* [Prompt]
Work through the data below and give the number of lines holding the word "Lengths", without any other text.

(Extracted records)
_ _ _ _

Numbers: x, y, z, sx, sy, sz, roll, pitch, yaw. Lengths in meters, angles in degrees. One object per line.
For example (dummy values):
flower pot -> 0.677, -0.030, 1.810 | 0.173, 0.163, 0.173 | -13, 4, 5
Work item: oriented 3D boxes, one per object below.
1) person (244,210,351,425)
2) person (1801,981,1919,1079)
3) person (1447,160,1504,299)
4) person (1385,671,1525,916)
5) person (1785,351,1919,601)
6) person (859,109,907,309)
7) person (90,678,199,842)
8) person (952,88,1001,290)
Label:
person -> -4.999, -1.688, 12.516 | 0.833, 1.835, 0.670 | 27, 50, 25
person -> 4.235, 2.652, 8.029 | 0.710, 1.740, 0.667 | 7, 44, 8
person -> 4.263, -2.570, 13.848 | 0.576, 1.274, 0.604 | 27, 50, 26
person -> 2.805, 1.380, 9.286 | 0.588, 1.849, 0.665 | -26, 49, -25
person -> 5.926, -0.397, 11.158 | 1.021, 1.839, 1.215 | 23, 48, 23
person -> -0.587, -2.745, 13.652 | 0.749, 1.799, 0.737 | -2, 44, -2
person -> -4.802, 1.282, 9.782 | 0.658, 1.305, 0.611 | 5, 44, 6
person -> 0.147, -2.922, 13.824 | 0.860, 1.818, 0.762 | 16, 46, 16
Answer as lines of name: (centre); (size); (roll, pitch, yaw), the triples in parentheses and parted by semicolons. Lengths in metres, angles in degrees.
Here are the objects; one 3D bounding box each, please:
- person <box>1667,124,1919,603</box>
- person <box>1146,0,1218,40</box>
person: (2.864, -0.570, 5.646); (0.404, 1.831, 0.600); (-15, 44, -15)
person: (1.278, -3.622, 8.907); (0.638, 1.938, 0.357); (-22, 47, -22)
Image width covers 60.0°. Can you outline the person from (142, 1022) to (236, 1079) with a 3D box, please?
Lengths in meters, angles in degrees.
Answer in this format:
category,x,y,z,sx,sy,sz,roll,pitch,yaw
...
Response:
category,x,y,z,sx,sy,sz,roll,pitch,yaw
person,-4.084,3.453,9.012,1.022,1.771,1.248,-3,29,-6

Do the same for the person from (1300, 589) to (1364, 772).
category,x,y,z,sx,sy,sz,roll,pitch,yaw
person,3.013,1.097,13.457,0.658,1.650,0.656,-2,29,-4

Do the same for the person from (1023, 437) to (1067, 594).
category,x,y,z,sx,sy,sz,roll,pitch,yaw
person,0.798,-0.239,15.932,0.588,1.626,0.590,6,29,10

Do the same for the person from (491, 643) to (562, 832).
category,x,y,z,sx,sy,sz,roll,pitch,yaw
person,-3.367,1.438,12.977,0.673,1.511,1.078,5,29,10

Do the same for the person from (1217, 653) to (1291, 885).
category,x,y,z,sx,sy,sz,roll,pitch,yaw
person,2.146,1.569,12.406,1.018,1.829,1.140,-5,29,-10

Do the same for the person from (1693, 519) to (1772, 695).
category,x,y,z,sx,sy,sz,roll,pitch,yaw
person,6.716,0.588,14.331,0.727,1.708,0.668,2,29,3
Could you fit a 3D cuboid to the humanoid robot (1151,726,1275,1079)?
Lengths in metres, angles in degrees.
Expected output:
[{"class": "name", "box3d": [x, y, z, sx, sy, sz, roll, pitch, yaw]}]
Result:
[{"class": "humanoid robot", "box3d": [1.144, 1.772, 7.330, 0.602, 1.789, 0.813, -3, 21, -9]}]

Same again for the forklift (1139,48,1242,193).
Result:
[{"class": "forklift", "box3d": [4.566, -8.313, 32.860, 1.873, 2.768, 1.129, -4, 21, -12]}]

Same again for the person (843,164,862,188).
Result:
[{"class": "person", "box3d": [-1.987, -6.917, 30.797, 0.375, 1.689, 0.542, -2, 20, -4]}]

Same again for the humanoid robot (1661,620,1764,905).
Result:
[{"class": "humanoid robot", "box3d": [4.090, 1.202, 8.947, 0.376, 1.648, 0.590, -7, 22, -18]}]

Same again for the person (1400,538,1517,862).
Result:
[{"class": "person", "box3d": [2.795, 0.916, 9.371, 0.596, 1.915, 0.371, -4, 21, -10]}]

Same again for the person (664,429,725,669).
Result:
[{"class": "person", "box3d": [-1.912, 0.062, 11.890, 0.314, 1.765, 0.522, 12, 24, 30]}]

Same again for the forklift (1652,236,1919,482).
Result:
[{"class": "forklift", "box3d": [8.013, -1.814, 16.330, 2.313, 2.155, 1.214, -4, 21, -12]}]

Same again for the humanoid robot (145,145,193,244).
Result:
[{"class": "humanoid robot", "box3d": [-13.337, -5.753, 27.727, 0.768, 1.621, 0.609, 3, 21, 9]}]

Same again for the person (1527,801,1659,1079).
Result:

_ _ _ _

* [Answer space]
4